En effet, Henry Kabeya poursuit Mimi Muya pour détournement de 15.000$. Selon la version des avocats  de ce dernier, c’est à la date du 16 mars 2015 que la caissière Mimi avait emporté avec elle la somme de 15.000$ de la caisse du garage, sans aucune remise de compte.  Ce sont des témoins qui l’auraient vu, ce jour là, sortir du lieu de travail, avec un sachet contenant des billets de banque.

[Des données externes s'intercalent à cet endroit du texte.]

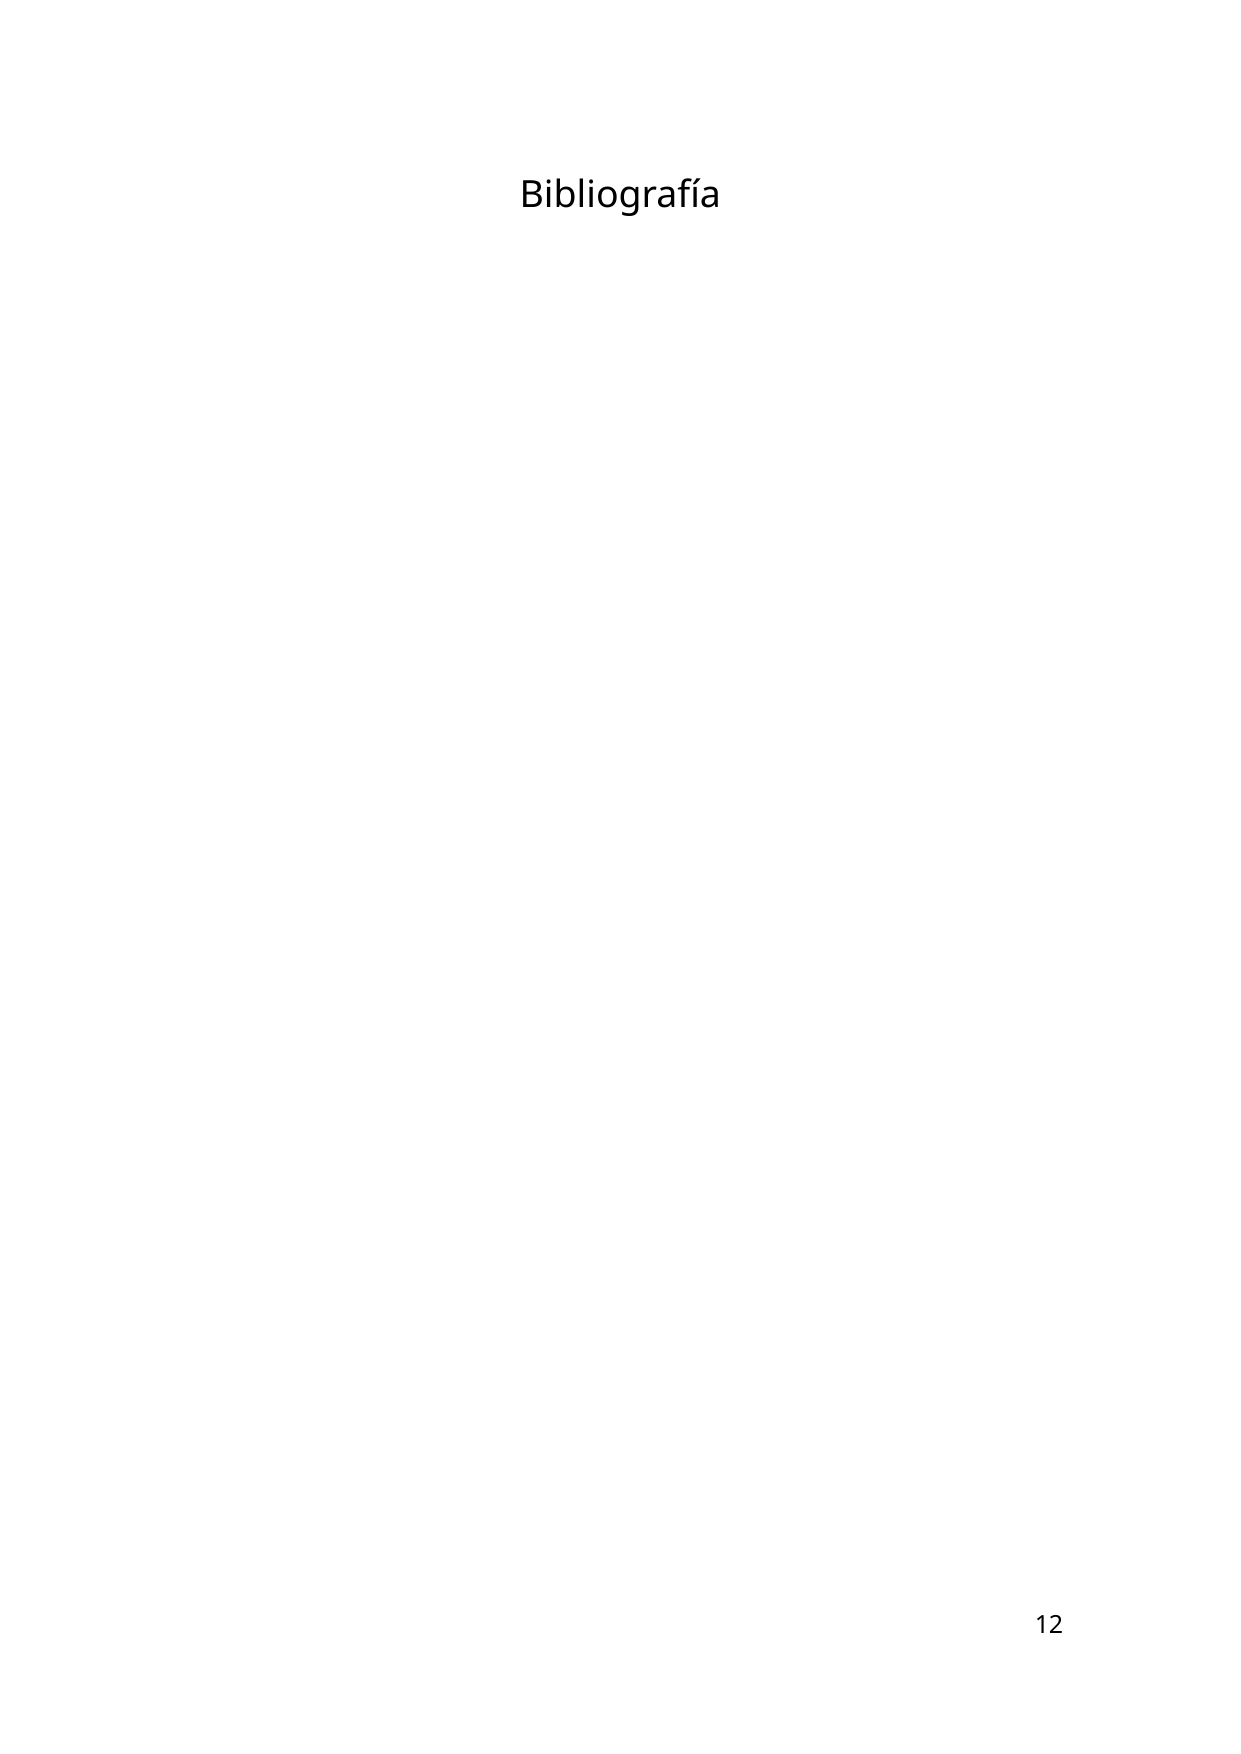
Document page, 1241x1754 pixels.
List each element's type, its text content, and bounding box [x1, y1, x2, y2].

Les avocats ont indiqué, que quatre jours après son départ, Mimi a envoyé un texto à leur client, lui demandant de verser dans son compte la somme de 50.000 $, faute de quoi, elle allait diffuser sur les réseaux sociaux, l’image de sa femme, habillée en robe de nuit sans sous-vêtement. C’est en ce moment, ont-ils fait savoir, que Henry Kabeya s’est souvenu avoir remis à sa caissière son nouveau téléphone acheté pendant son voyage en Europe, pour qu’elle transfère les numéros se trouvant dans l’ancien répertoire. Il a estimé que c’est à cette occasion que Mimi  avait copié cette image pour nuire à sa personne.

Appelé à la barre par le tribunal comme témoin, le portier du garage a indiqué qu’à cette date du 16 mars, il avait bel et bien vu Mimi Muya quitter le travail munie de son sac à main et d’un sachet contenant des billets de 500 FC.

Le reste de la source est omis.